Besides some limitations of the study, there are also quite a few strong aspects. The diagnosis of sarcopenia was made according to the new criteria defined in EWGSOP-2. In the diagnosis of sarcopenia, not only muscle mass but also performance was evaluated. The diagnosis of SO is done with the fat percentage measured by BIA for the definition of obesity. The evaluations and comparisons of the patients were made in a versatile way with sociodemographic data, CGA tests, and, lab data. Blood pressures are not instantaneous data, but a 24-hour measurement. In addition, the participants were divided into four different groups and compared. Thus, the most related component to the investigated factors was determined.
Conclusion
We found that obesity may be more related to blood pressure and mean arterial pressure elevation.
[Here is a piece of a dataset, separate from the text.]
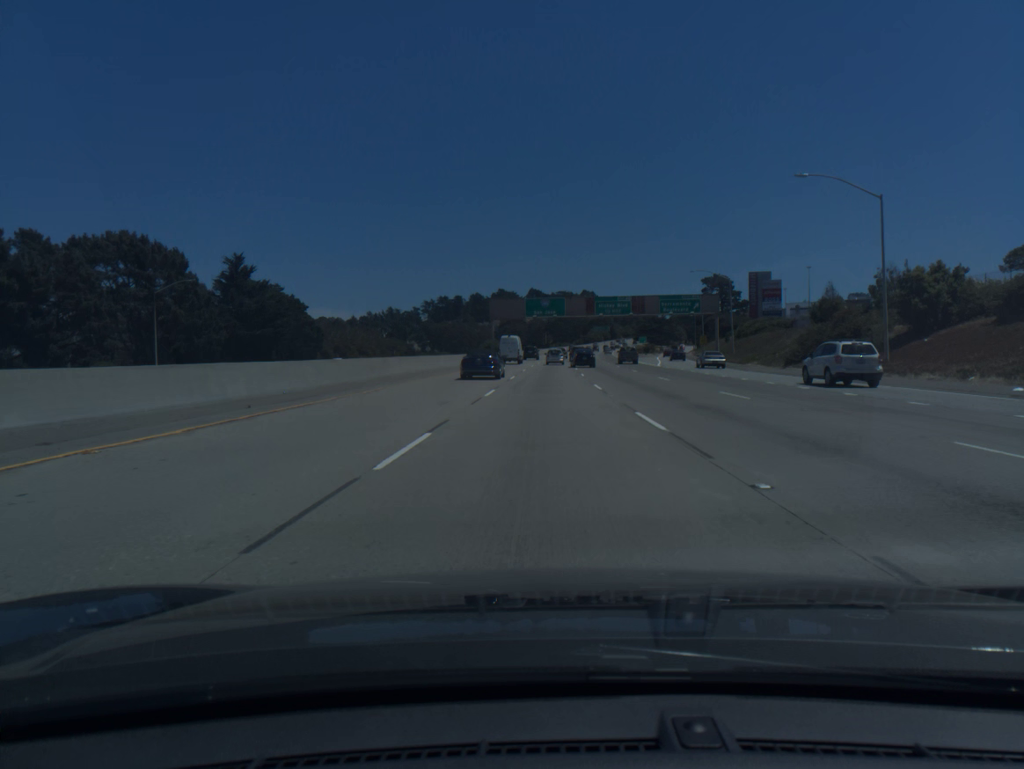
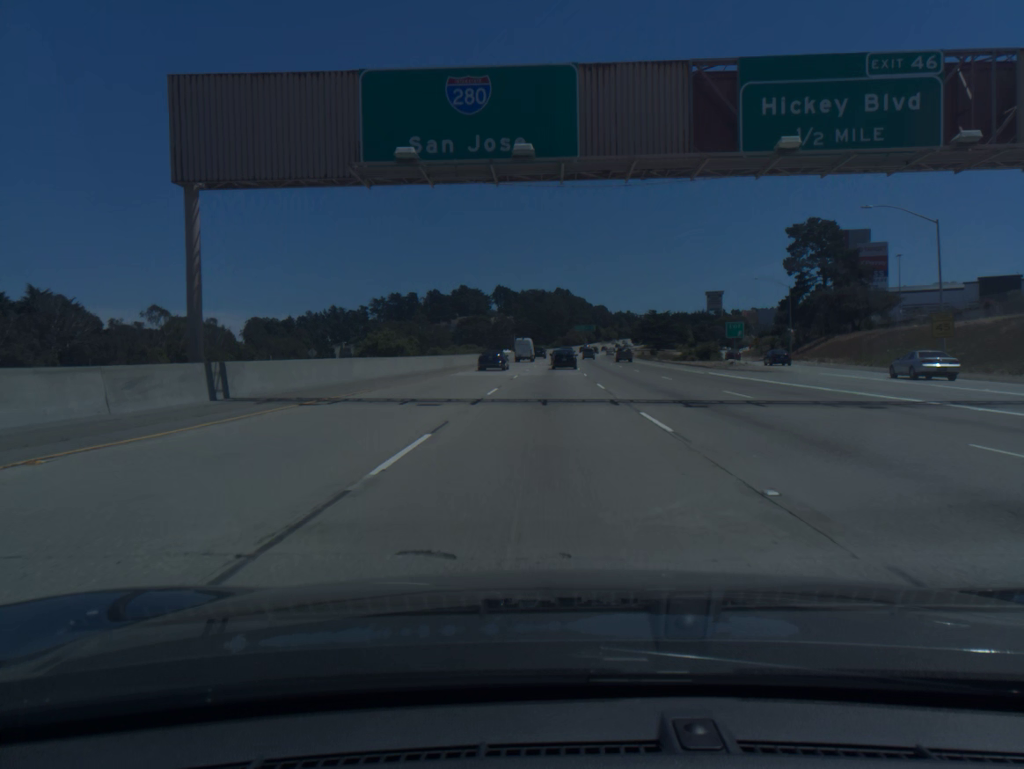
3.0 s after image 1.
(+1.5, +88.1) m; +2°
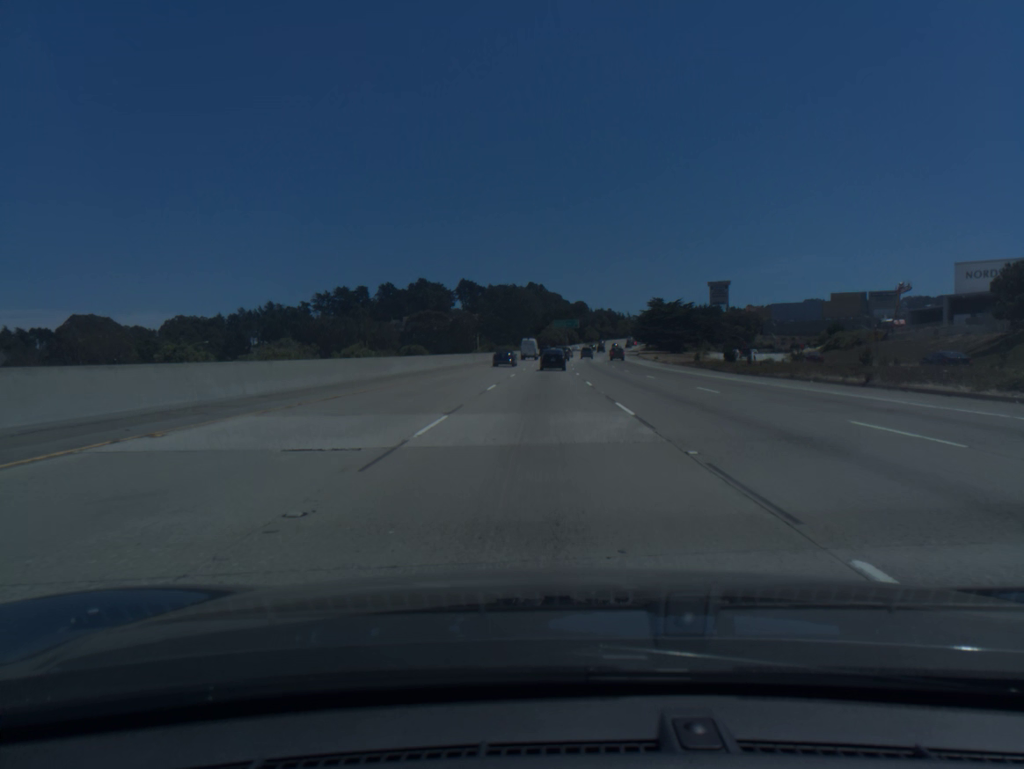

Sarcopenia and SO may be associated with hypotension, low pulse pressure, and low mean arterial pressure in older adults. The rate of CHF and LDL elevation, which are clinically risk factors for CVD, were more common in the SO group. In the logistic regression analysis for SO, the female gender increased nighttime mean arterial pressure, and increased daytime pulse rate were found to be risk-related factors. SO is a common and easily overlooked clinical syndrome in older people. Our study showed that these patients may also have cardiovascular risk factors. In the geriatric population, screening should be done by focusing not only on sarcopenia but also on SO.